The Opposite(Antonym) of “nonsingular”
The antonyms of nonsingular are singular and zero determinant. The antonyms singular and zero determinant convey a different meaning from nonsingular in the context of mathematics.
Explore all Antonyms of “nonsingular”
- singular
- zero determinant
Definitions and Examples of singular, zero determinant
Learn when and how to use these words with these examples!
Refers to a matrix that has no inverse, or a linear equation system that has no unique solution.
Example
The matrix is singular, which means it has no inverse.

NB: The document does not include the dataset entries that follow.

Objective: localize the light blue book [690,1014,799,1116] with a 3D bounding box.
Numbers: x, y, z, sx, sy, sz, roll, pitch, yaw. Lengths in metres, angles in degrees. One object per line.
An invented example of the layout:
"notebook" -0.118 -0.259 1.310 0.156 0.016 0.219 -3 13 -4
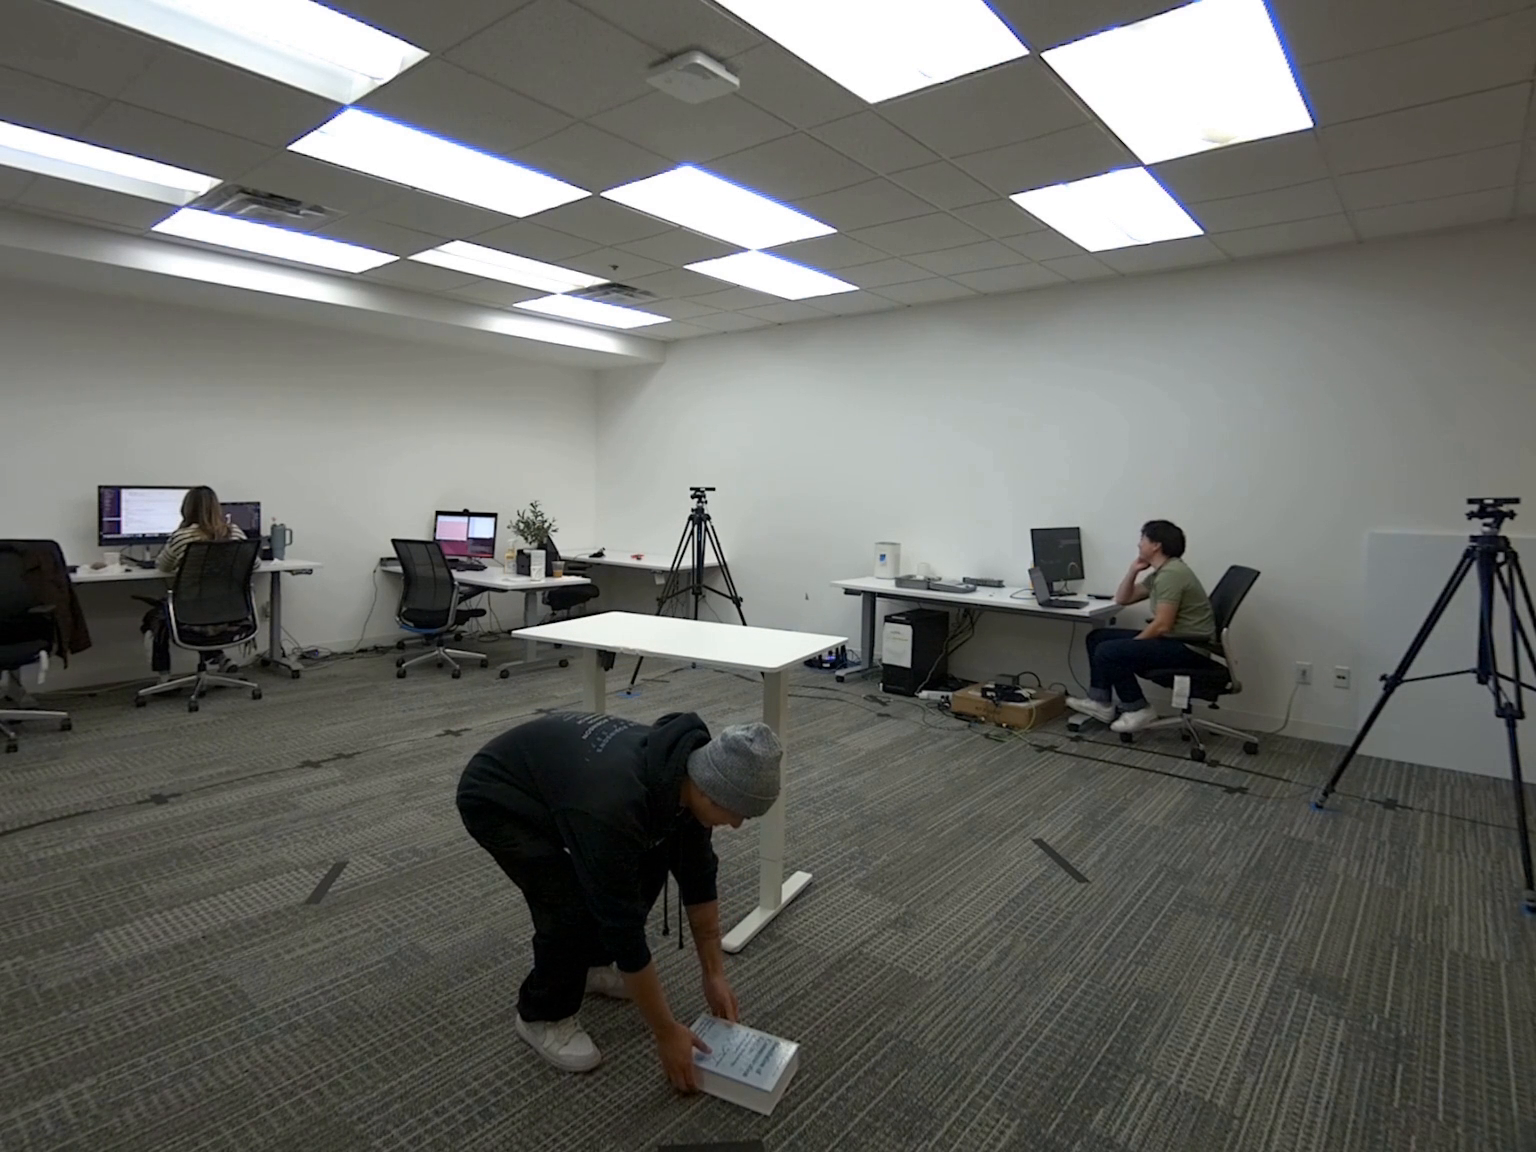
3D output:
"light blue book" -0.082 1.153 2.020 0.268 0.059 0.187 4 7 25

Refers to a matrix with a determinant of zero, which means it has no inverse.
Example
The determinant of the matrix is zero, which makes it a zero determinant matrix.
Key Differences: singular vs zero determinant
- 1Singular refers to a matrix that has no inverse or a linear equation system that has no unique solution.

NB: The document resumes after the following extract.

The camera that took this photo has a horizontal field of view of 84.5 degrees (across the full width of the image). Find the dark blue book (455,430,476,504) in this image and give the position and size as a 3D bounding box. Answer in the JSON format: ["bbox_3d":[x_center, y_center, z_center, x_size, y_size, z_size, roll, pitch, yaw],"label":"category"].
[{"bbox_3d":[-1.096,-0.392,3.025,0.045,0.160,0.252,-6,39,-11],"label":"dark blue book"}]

- 2Zero determinant refers to a matrix with a determinant of zero, which means it has no inverse.
Effective Usage of singular, zero determinant
- 1Mathematics: Use these antonyms to describe matrices and linear equation systems.
- 2Academic Writing: Incorporate these antonyms in academic writing to demonstrate a clear understanding of mathematical concepts.
- 3Problem Solving: Utilize these antonyms to solve mathematical problems involving matrices and linear equation systems.
Remember this!
The antonyms singular and zero determinant convey a different meaning from nonsingular in the context of mathematics. Use these words to describe matrices and linear equation systems, incorporate them in academic writing, and utilize them to solve mathematical problems.